BSOrec DVD releases. Photo: mine; please contact me to reuse.
BSOrec marched on, releasing DVDs of a combined ensemble production of Stravinsky’s Mavra and Tchaikovsky’s Iolanta (released in 2022) and Andrea Chénier (released last month) again featuring Jonas Kaufmann and led by Marco Armiliato. It’s a curious if inspired selection, with an even more curious choice of design; in place of cover photos is bold silver lettering, with not one name larger than the other, set within sturdy holders, each in solid, rainbow-like colours. The eye-catching design, originally by Mirko Borsch, sends a clear message across both audio and video titles, along with the many thoughtful essays and interviews contained within, the majority penned by talented dramaturg Malte Krasting, who knows a thing or two about the role of context.

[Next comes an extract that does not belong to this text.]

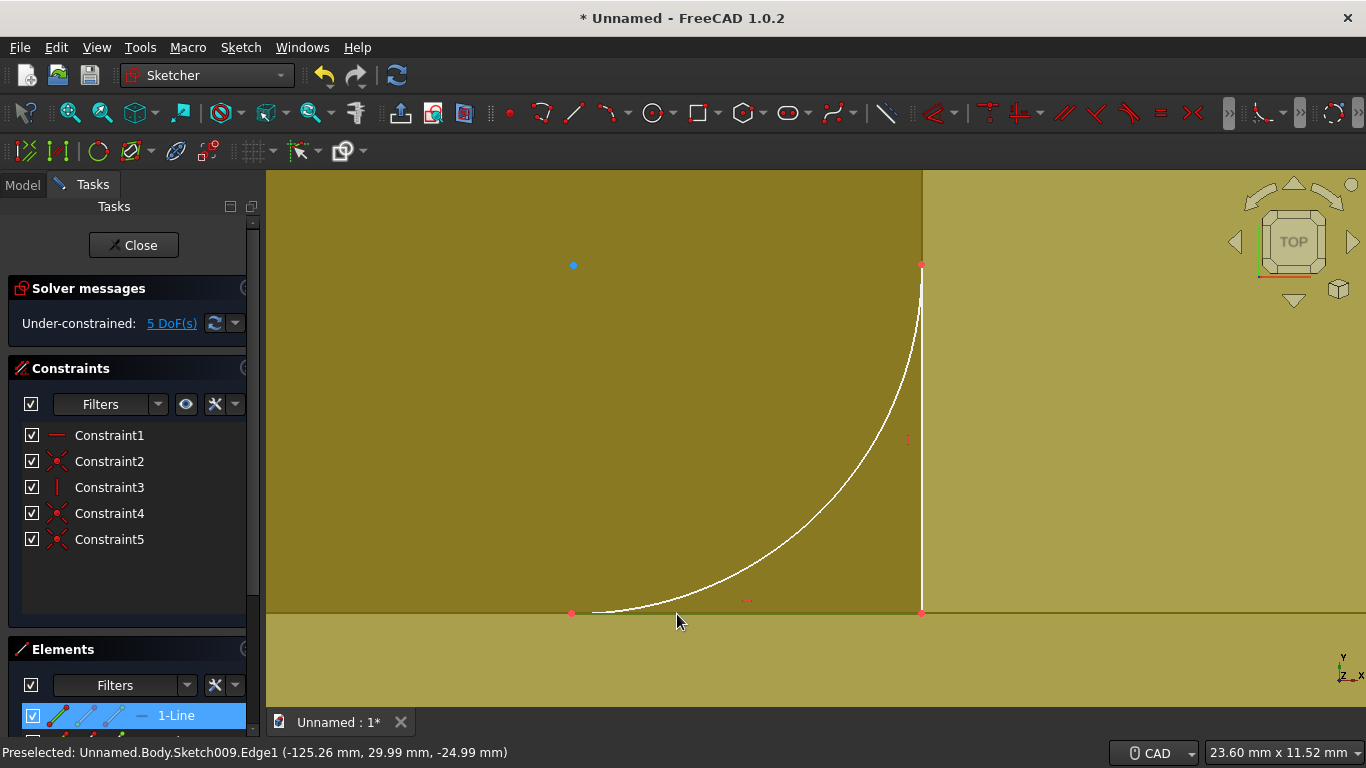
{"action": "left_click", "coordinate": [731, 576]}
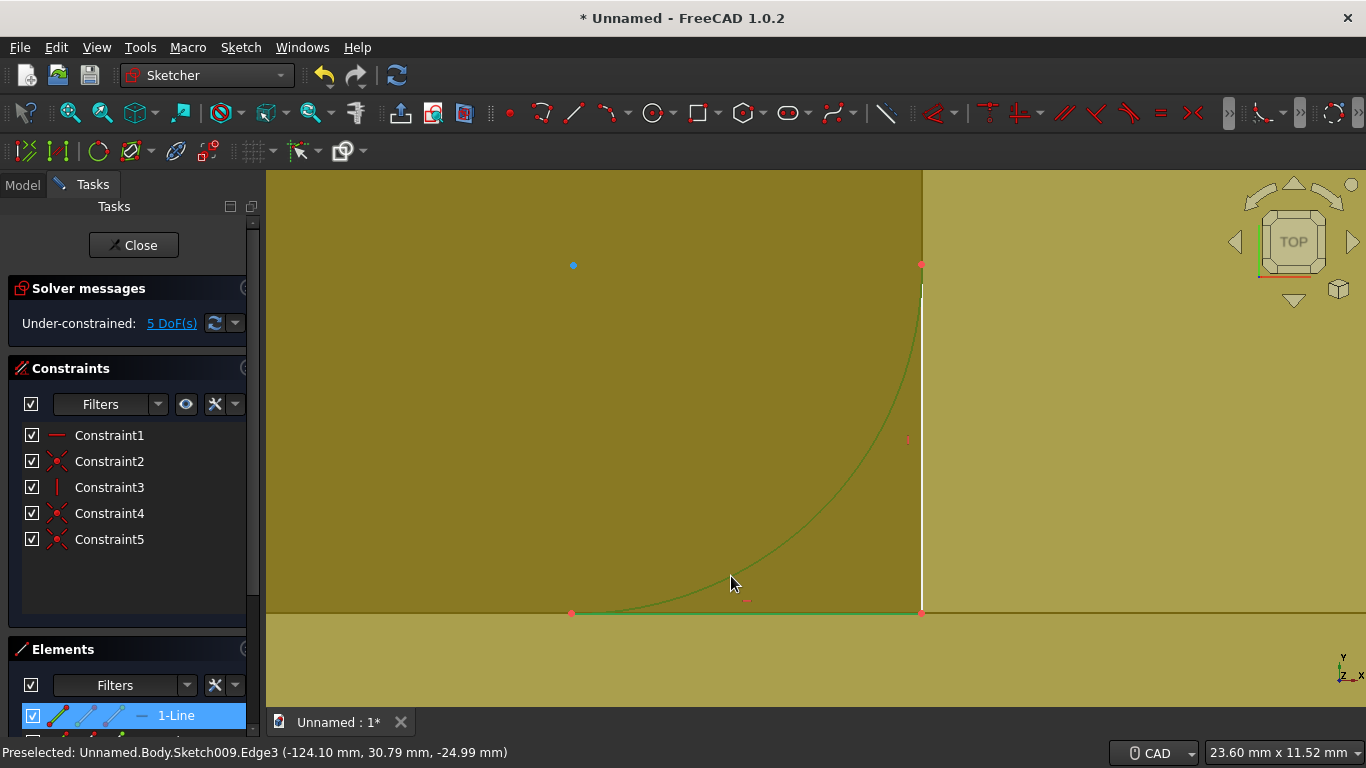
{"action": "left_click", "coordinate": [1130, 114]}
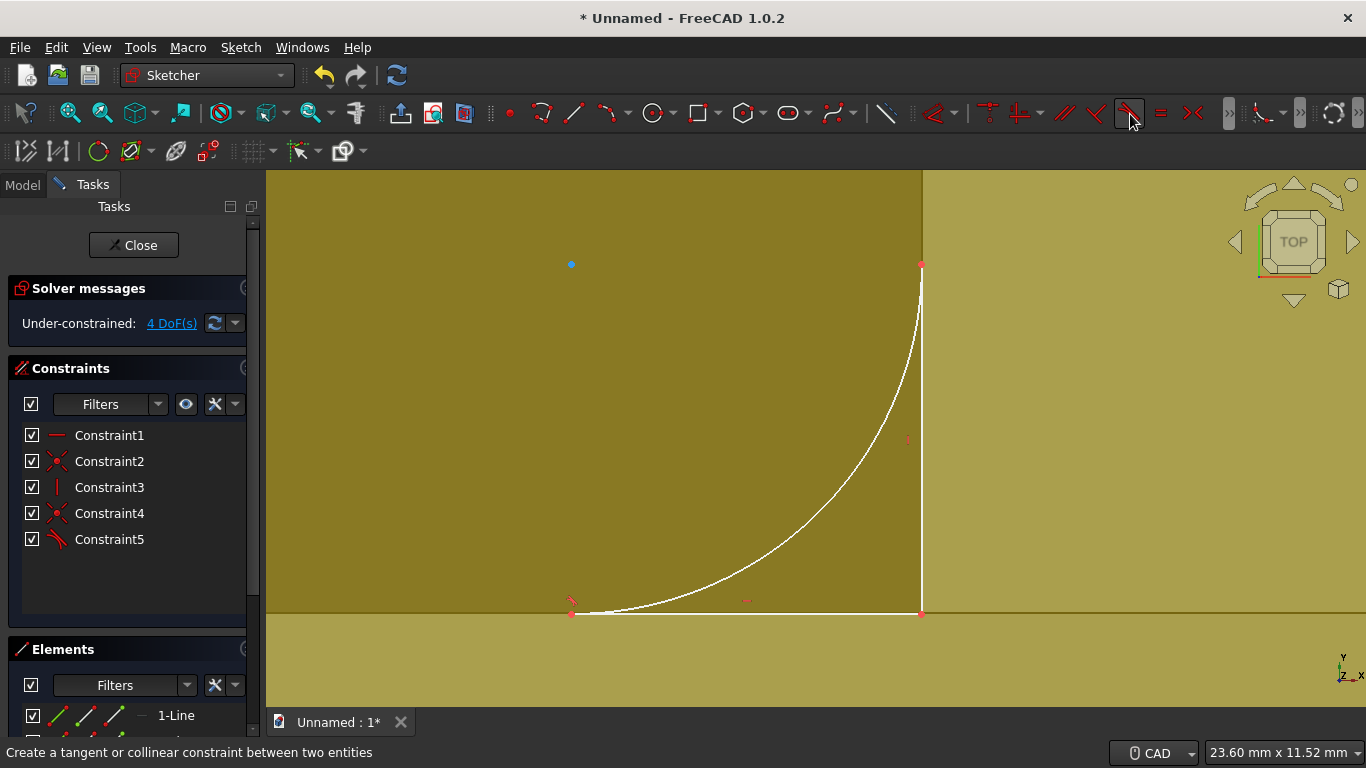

The first BSOrec release with current General Music Director Jurowski (from 2022) pairs Brett Dean’s Testament and Beethoven’s Second Symphony, and includes Krasting’s thoughtful interview with the Russian maestro in its liner notes. Releases (all of which enjoy distribution via Naxos) this year have marked the 500th birthday of the Bayerisches Staatsorchester though they also highlight the unique talents of individual sections. Original Grooves by Opercussion, and Voyager by the Munich Opera Horns, both released earlier this year, are a showcase of creative thinking within the recording paradigm. Original Grooves features a creative mix of classical, Latin, and jazz (Bach, Astor Piazzolla, Dizzy Gillespie) in original arrangements by ensemble members. Voyager offers music by Strauss, Dubois, Reicha, and Franz alongside compositions by contemporary composers Urs Vierlinger, Hans-Jürg Sommer, and Konstantia Gourzi. Such interlacing of sounds, with a keen eye on drama, was also realized via the the release of contemporary children’s piece Der Mondbär: Ein Hörspiel mit Musik für Kinder, with music by Richard Whilds/ libretto by Sarah Scherer, and based on the popular German books and animated series. BSOrec’s upcoming audio release is a firm nod to its storied history, if also an ambitious wave to the future. Mendelssohn’s Elias was captured in July 1984 and features a dream team of soloists (Dame Margaret Price, Brigitte Fassbaender, Peter Schreier, Dieter Fischer-Diskau) and choir (Chor des Städtischen Musikvereins zu Düsseldorf), led by celebrated conductor (and former company leader) Wolfgang Sawallisch.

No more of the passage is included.